DATA PROVIDED Start Marker
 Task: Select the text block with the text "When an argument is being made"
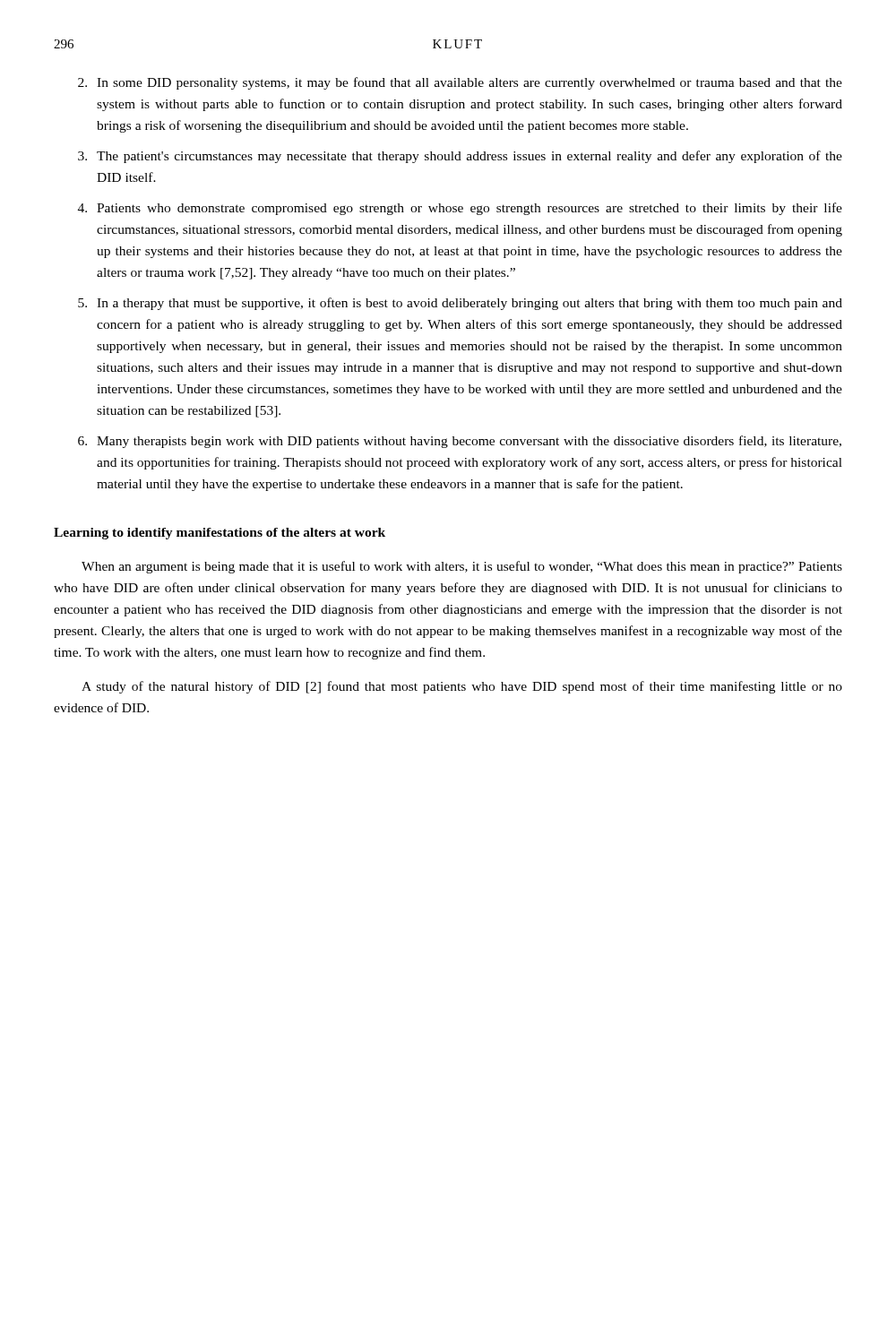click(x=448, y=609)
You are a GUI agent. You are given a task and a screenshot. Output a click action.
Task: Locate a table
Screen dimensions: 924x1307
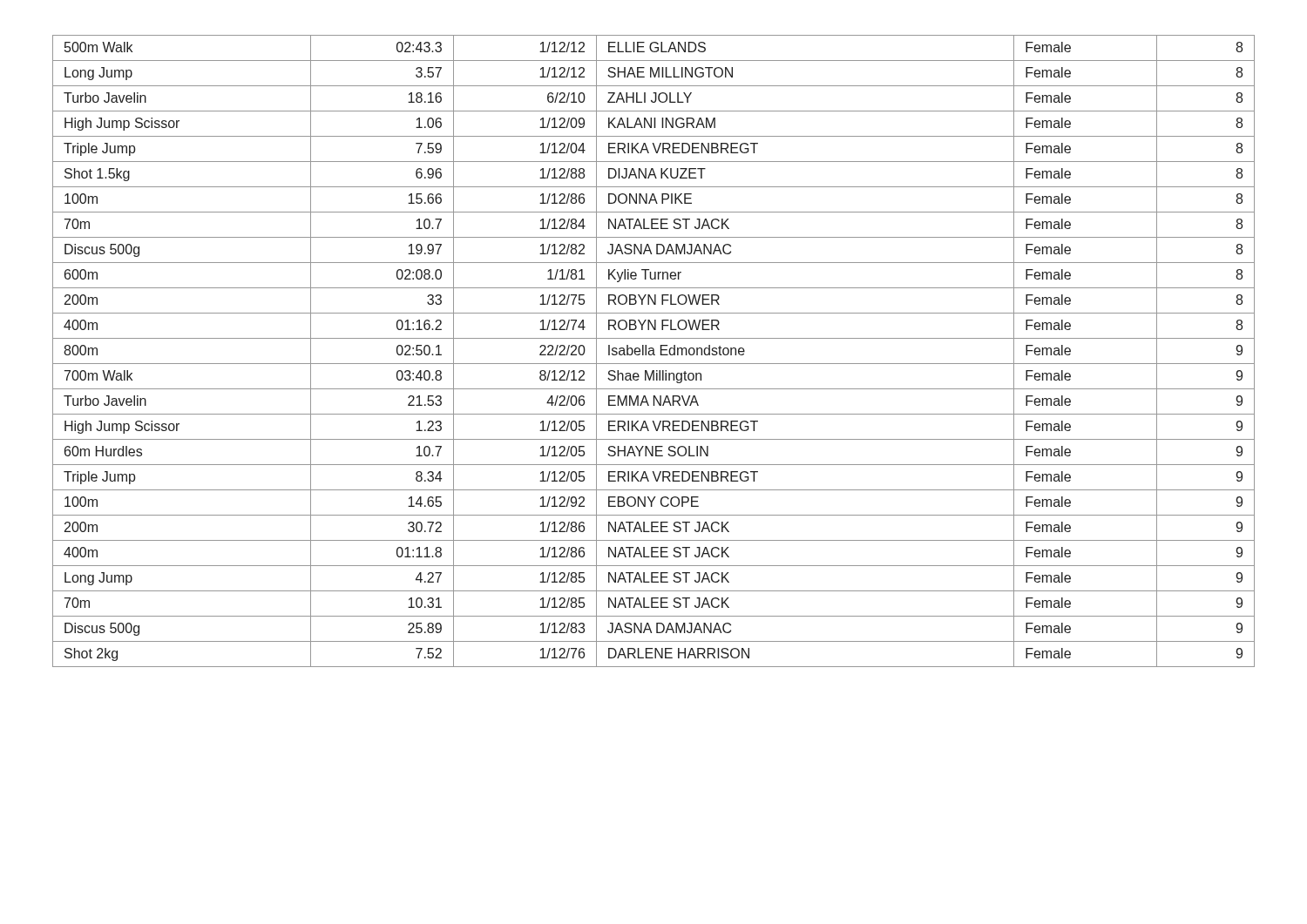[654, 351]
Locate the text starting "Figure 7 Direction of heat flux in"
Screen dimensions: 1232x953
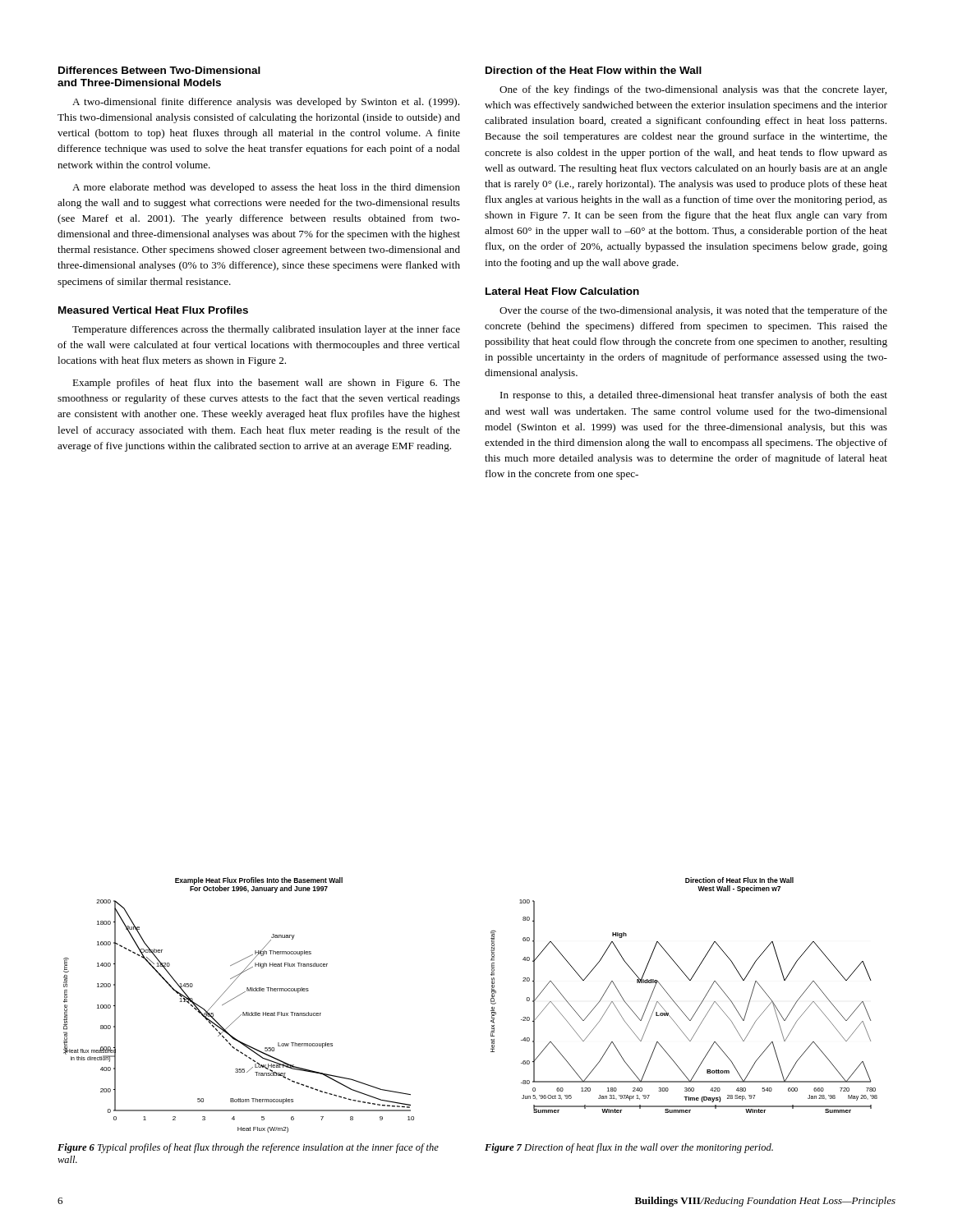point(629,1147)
DATA PROVIDED End Marker
DATA PROVIDED Start Marker
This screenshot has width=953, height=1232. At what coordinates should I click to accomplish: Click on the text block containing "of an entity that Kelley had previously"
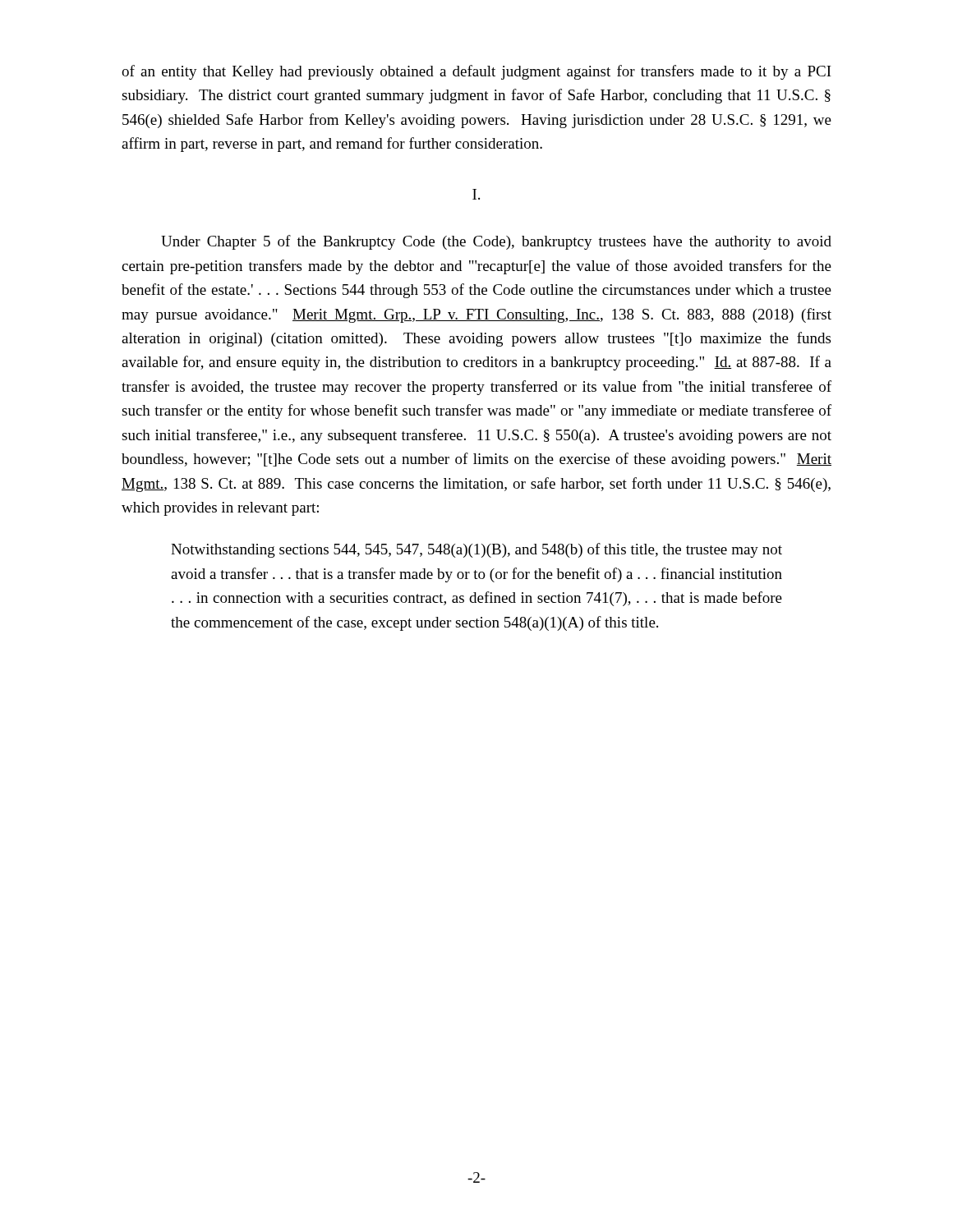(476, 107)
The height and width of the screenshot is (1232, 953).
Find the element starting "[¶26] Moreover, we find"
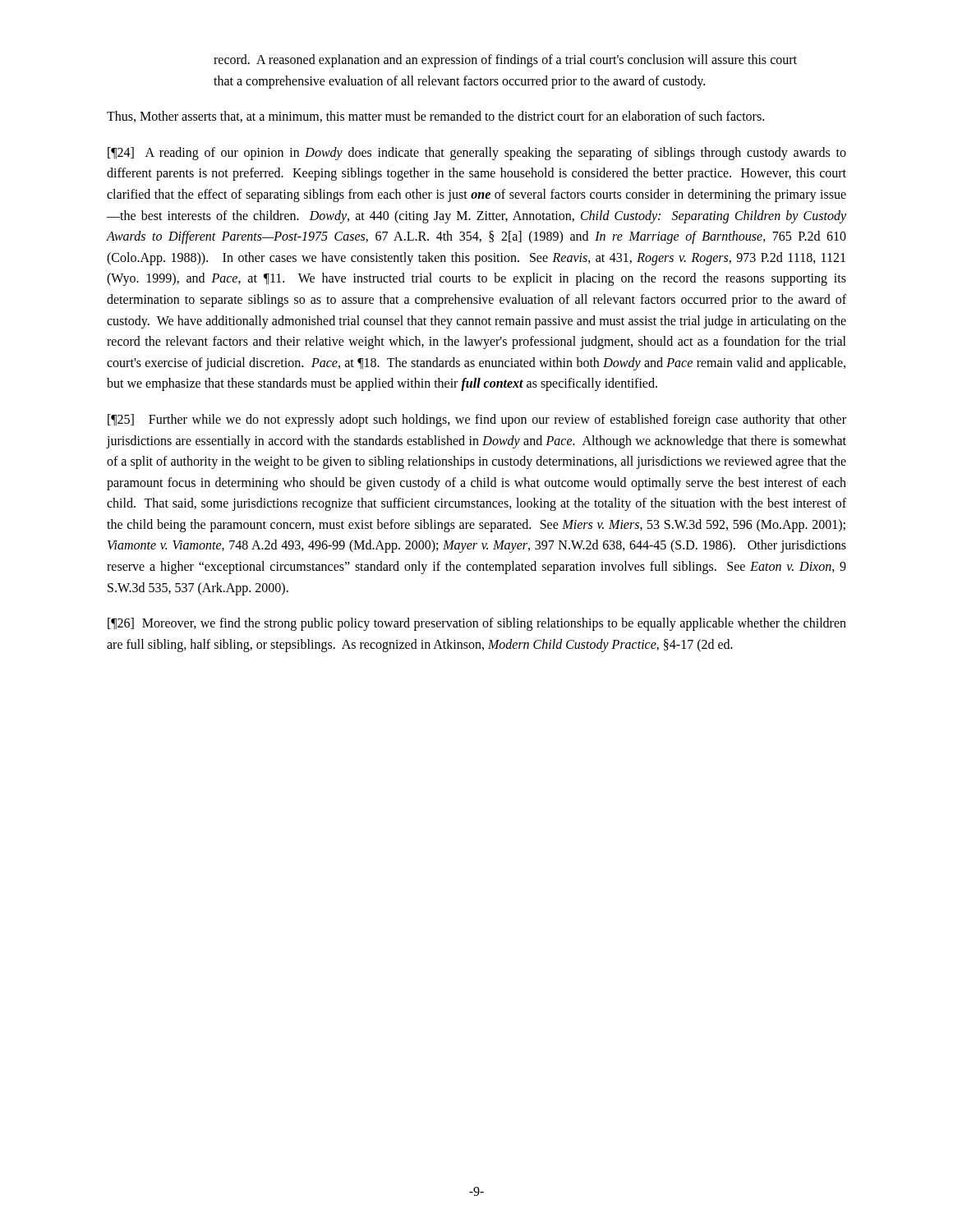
DATA PROVIDED End Marker
_TASK BRIEF:_ Search the listing for "Locate" and copy each line holding it.

_RESPONSE BOX:_
Task: Locate a table
Locate the text starting "Figure 7 Direction of heat flux in"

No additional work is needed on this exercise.